Within the past few weeks, I’ve read articles about the value of finding a career you love, finding a “vocation” versus a “career,” and choosing to love what you do instead of doing what you love. The contradictory advice is nothing new. (Coffee will change your life! Coffee will end your life!) But it is still enough to make your head spin.
So what in the world is a creative entrepreneur to do?
It turns out there is no magic path to creative fulfillment, nor is there a singular secret to building a sustainable creative career. One solution just doesn’t exist.  
Thank goodness.
With plenty of options and plenty of potential solutions, we can all reflect upon exactly what it is we find most fulfilling and most motivating, and plan our careers accordingly. But that is more than a little petrifying.
Engaging in self-reflection means we might have to confront personal realities we’d rather ignore, like the fact that we enjoy having dinner with our children, or that we’d rather work less instead of more. It might mean we prioritize stability and predictability over spontaneity at certain points within our career. It might mean we value what a “day job” provides in terms of scheduling, benefits, and the chance to use a separate part of our brains.
We might realize those we hope to serve with our creative output aren’t those who can afford to pay for our creative output. We might realize that we have absolutely no desire to mix commerce with our creativity. We might realize we don’t mind networking so much.
Jackie Battenfield, author of The Artist’s Guide: How to Make a Living Doing What You Love, told me recently that a creative career always starts and ends with a person’s goals. I couldn’t agree more.
It would be considerably easier to outline a perfect path, a linear progression, through creativity. First, you pay your dues, then you meet someone magical, and then your secret work is discovered by the masses while you pretend to hate the attention. Then you win awards and accolades and never have to think about money again.
Except that dreamy – delusional – perfect path ignores what might really matter to you.
That’s why the goals matter. As long as you are making informed choices about your creative opportunities with intention, then you never have to apologize for your choices. You can explain why you made them and stand by them.

  • “I love having a day job because otherwise, I wouldn’t leave my apartment.”
  • “Actually, I prefer to do something unrelated to my creativity while my brain sorts out a creative problem in the background.

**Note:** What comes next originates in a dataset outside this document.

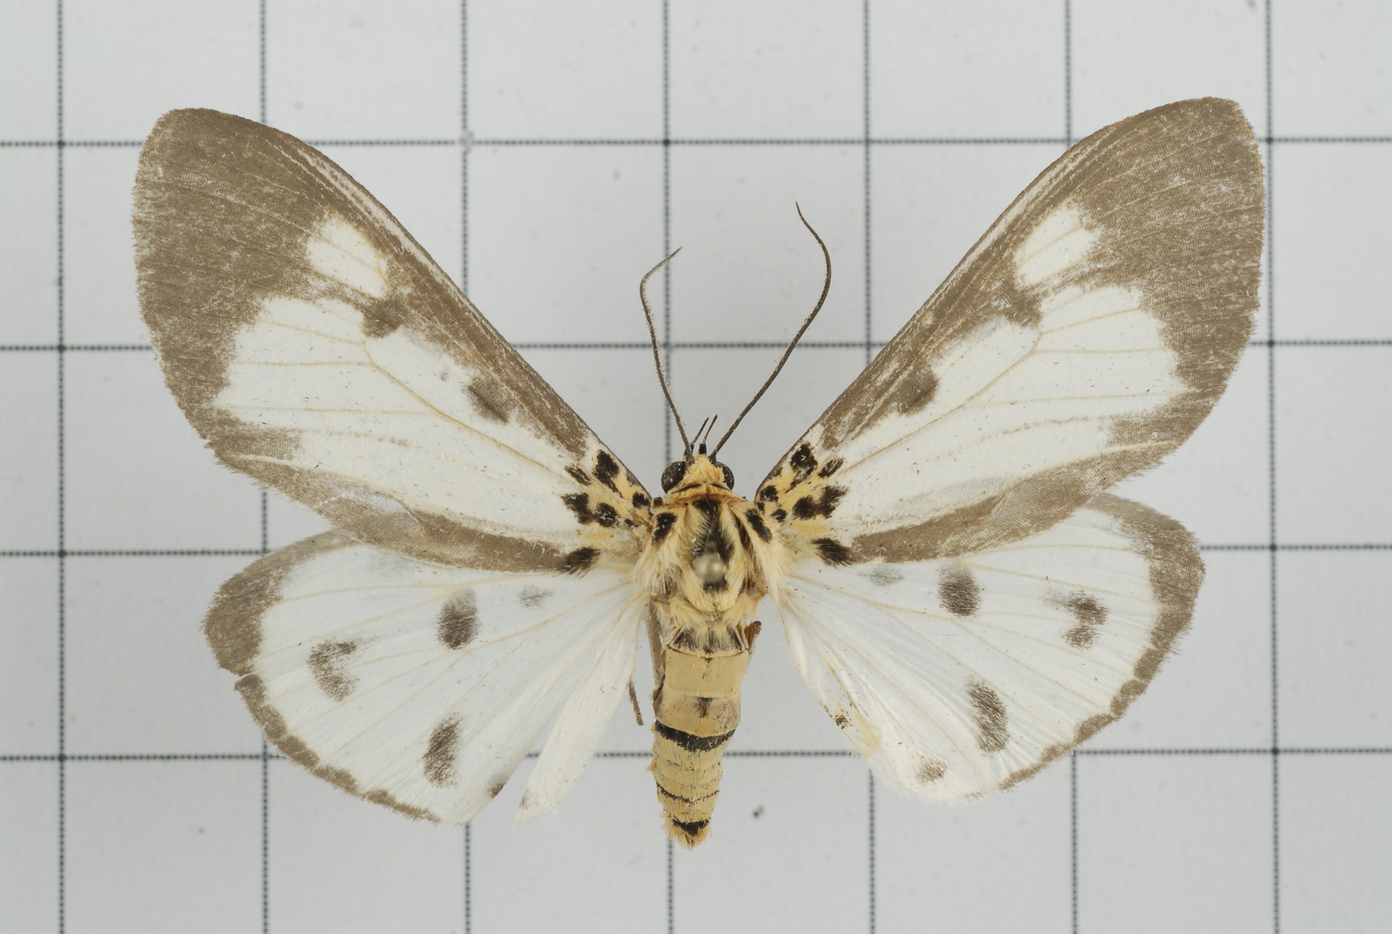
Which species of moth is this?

Parking cars as a valet is actually better for my studio practice than teaching.”
  • “Actually, I love teaching because I consider it new audience development; it helps me work out solutions to creative problems while it helps others learn.”

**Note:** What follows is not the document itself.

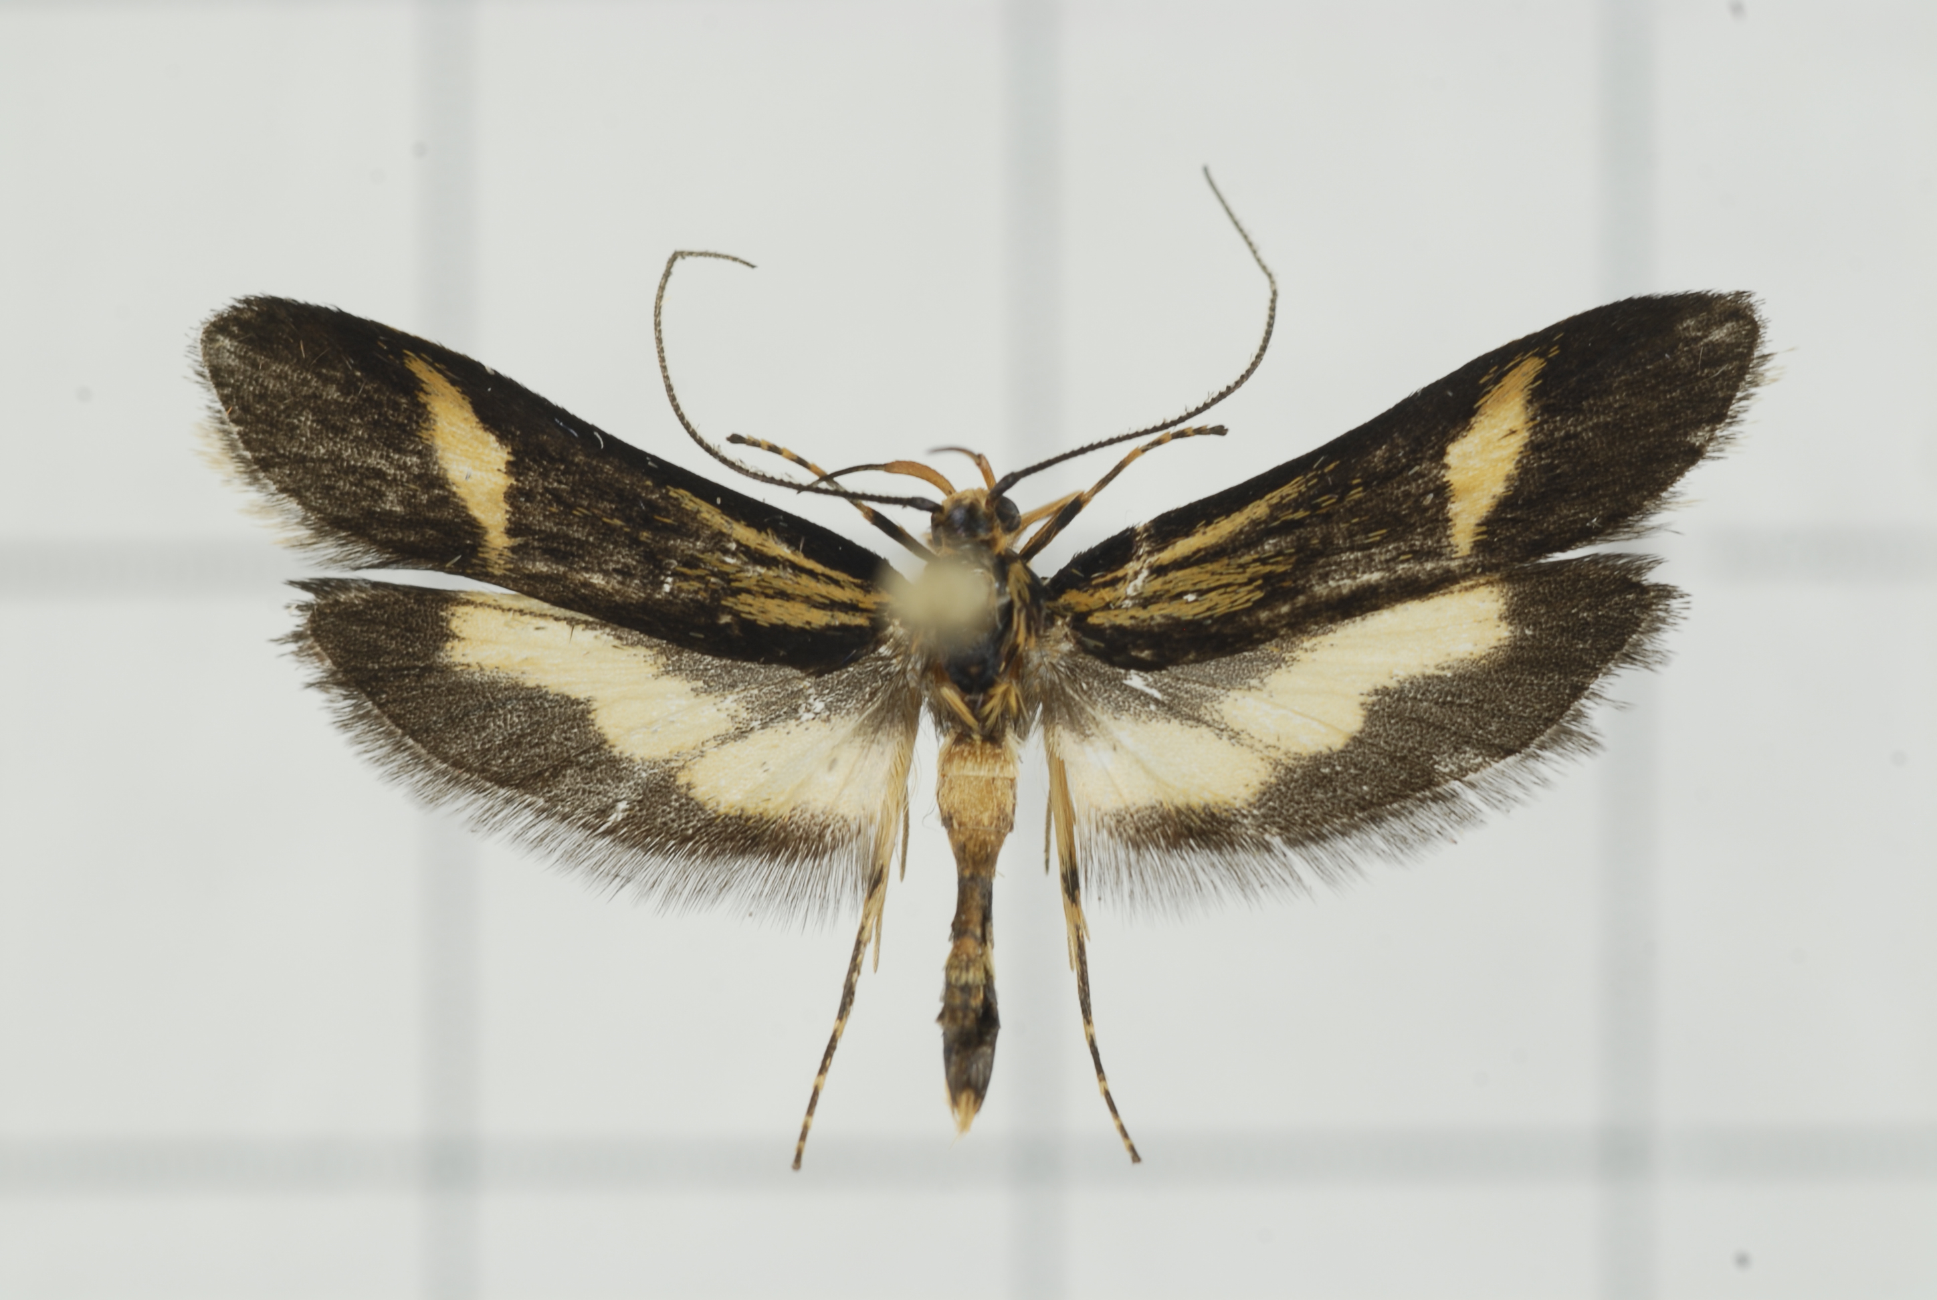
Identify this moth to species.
Formokamaga flavopicta

As long as you can figure out your goals, you can figure out how to mix and match the components of a creative portfolio career to reach those goals.  
We like dividing the type of creative work we all do into three buckets: Starring Role, Supporting Cast Role, and Production Assistance work.

The Starring Role

Your starring role is your “thing.” It is what you would do if you had unlimited amounts of time and money. It is what you think about when you have nothing else to think about. It is how you choose to make a difference in the world.
You may define your starring role very broadly or very narrowly; that’s entirely up to you. But you know what your “thing” is. It is a close to your soul as you can get professionally.

Supporting Cast Roles

Supporting cast role work is related to your thing, but it isn’t the thing itself. This work might be in the same industry (which enables you to build a community), it might enhance your technical skill set (thus benefiting your starring role). It might help you build a complementary administrative skill that will benefit your starring role.  
Your supporting cast roles are related to your starring role; they support your starring role with intangibles (networking, skill-building). But they aren’t exactly the starring role. Supporting cast roles might include teaching at the college or community level, serving as a gallery assistant, ghostwriting, editing, tutoring, working behind the scenes in a museum, illustrating anatomy textbooks, or anything else that is close to your starring role… but not exactly the same thing.

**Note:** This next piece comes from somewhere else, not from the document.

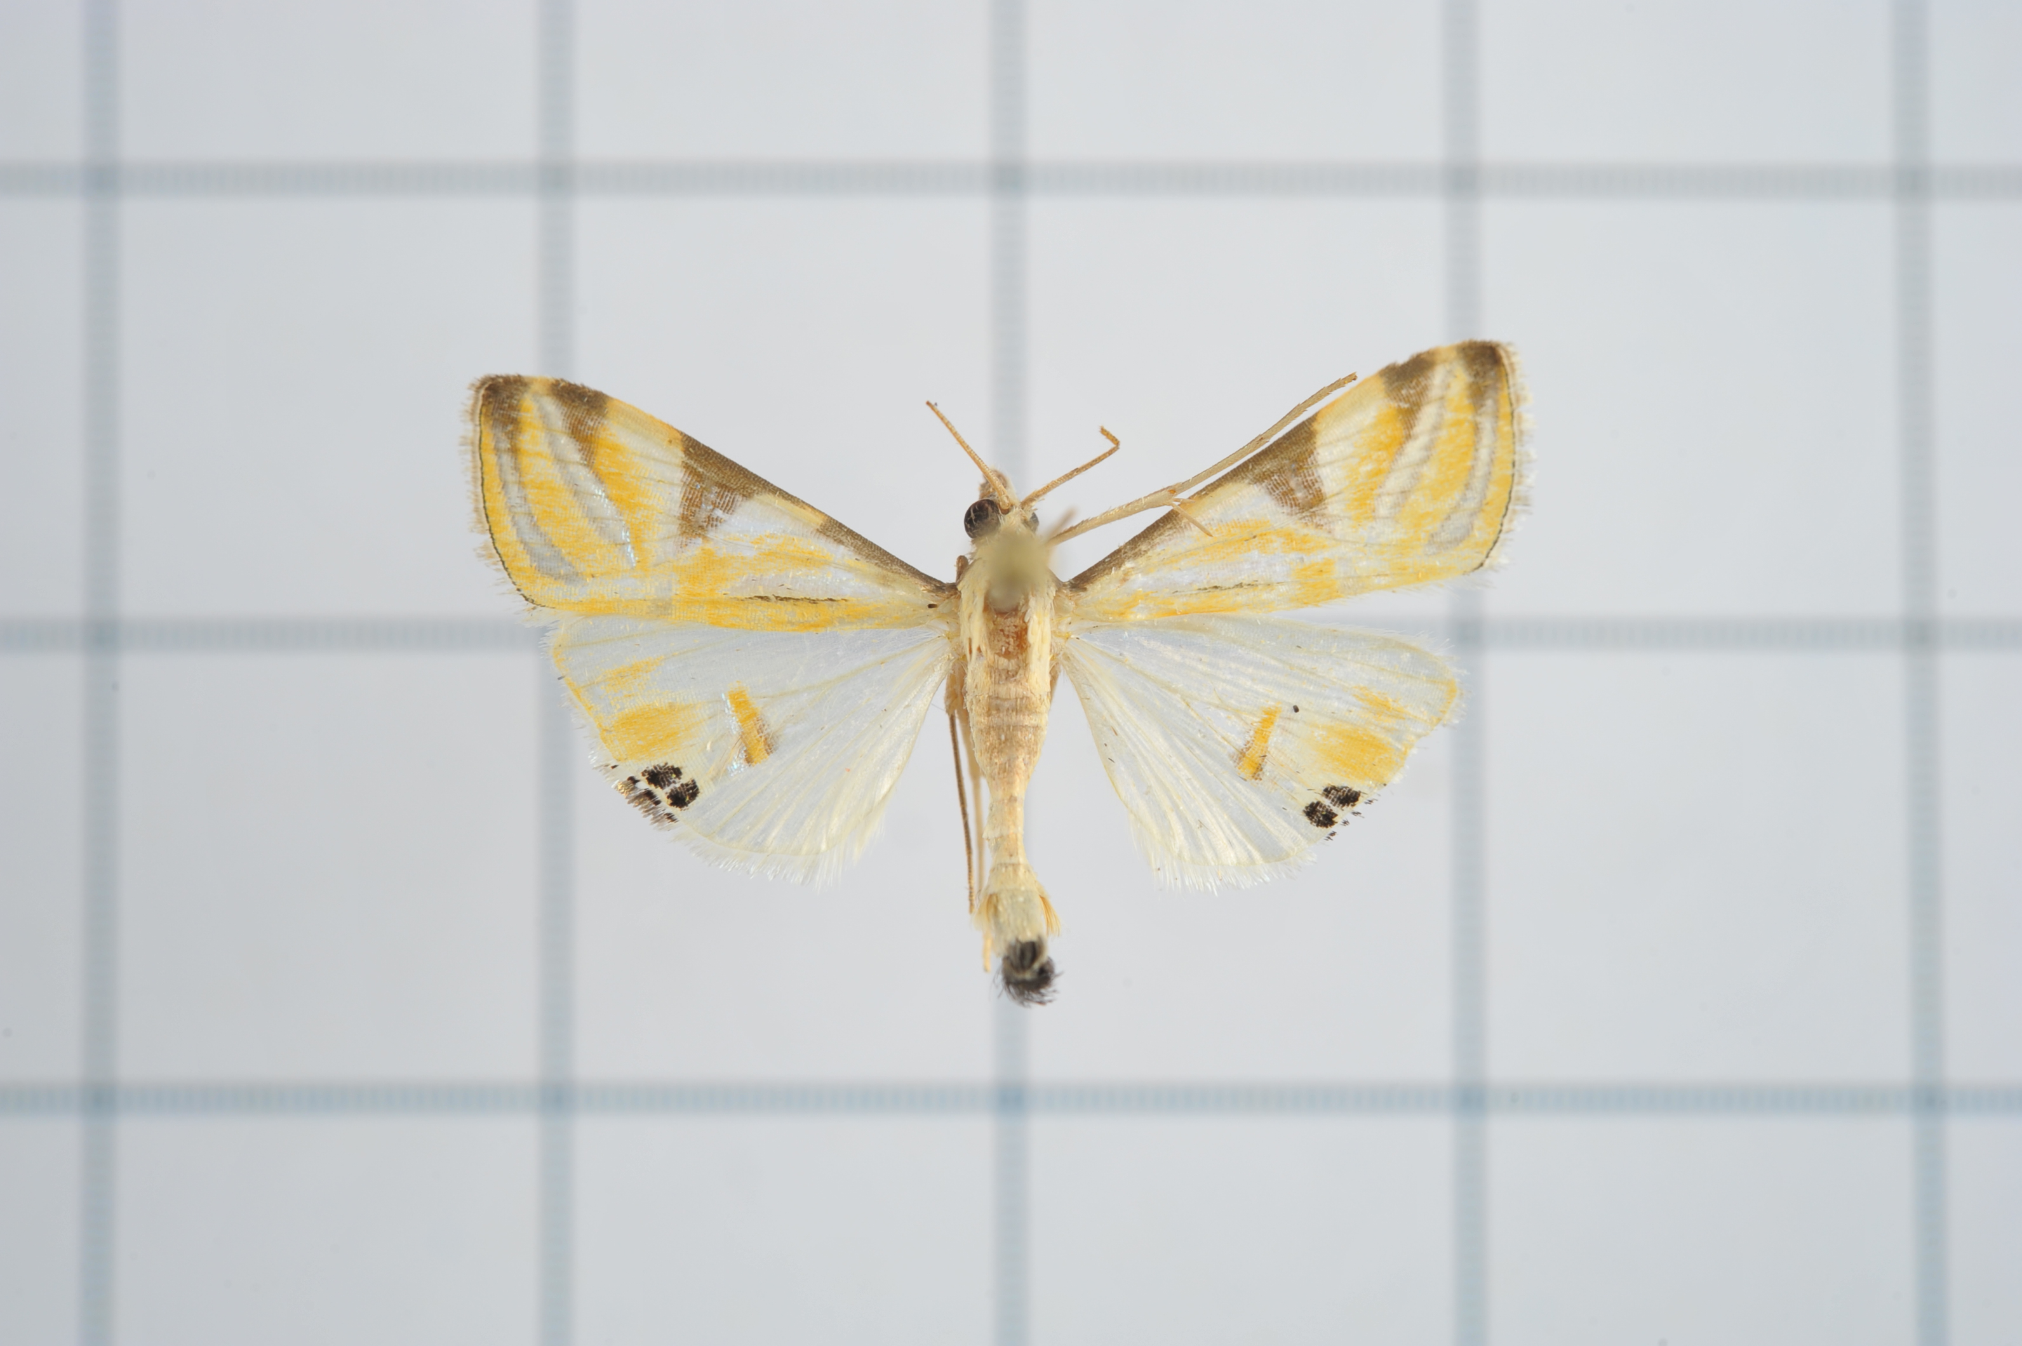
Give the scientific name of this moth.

Production Assistance Work

Your production assistance work is the final category, and it is the least glamorous. But sometimes it is the most crucial. Production assistance work is temporary, repeatable, and stable, and you can return to it when and if you need to. Production assistance work doesn’t benefit your starring role, other than providing income, scheduling stability, or benefits. Work in this category is the classic “day job” work we think about when building a creative career: Bartending, valet parking, dog walking, babysitting, waiting tables, or temping at a law firm. It isn’t what we talk about when we talk about our work. (We focus instead on our starring role accomplishments.) But production assistance work can buy you time to let your starring role and supporting cast role work evolve organically. It can purchase you the freedom to pursue projects that move you toward your goals, rather than projects that will only help pay your bills.

Mixing and Matching

There are no rules about how to mix and match the types of work that may fall into any category, nor are there rules about which categories to include and which to exclude as you build your own sustainable creative career. There aren’t even bright-line distinctions between the categories in many cases. This is simply a framework to help organize your thoughts and weigh your own strengths and your own goals against opportunities that might exist in the world. It’s up to you to figure out what to do with that framework. Enjoy.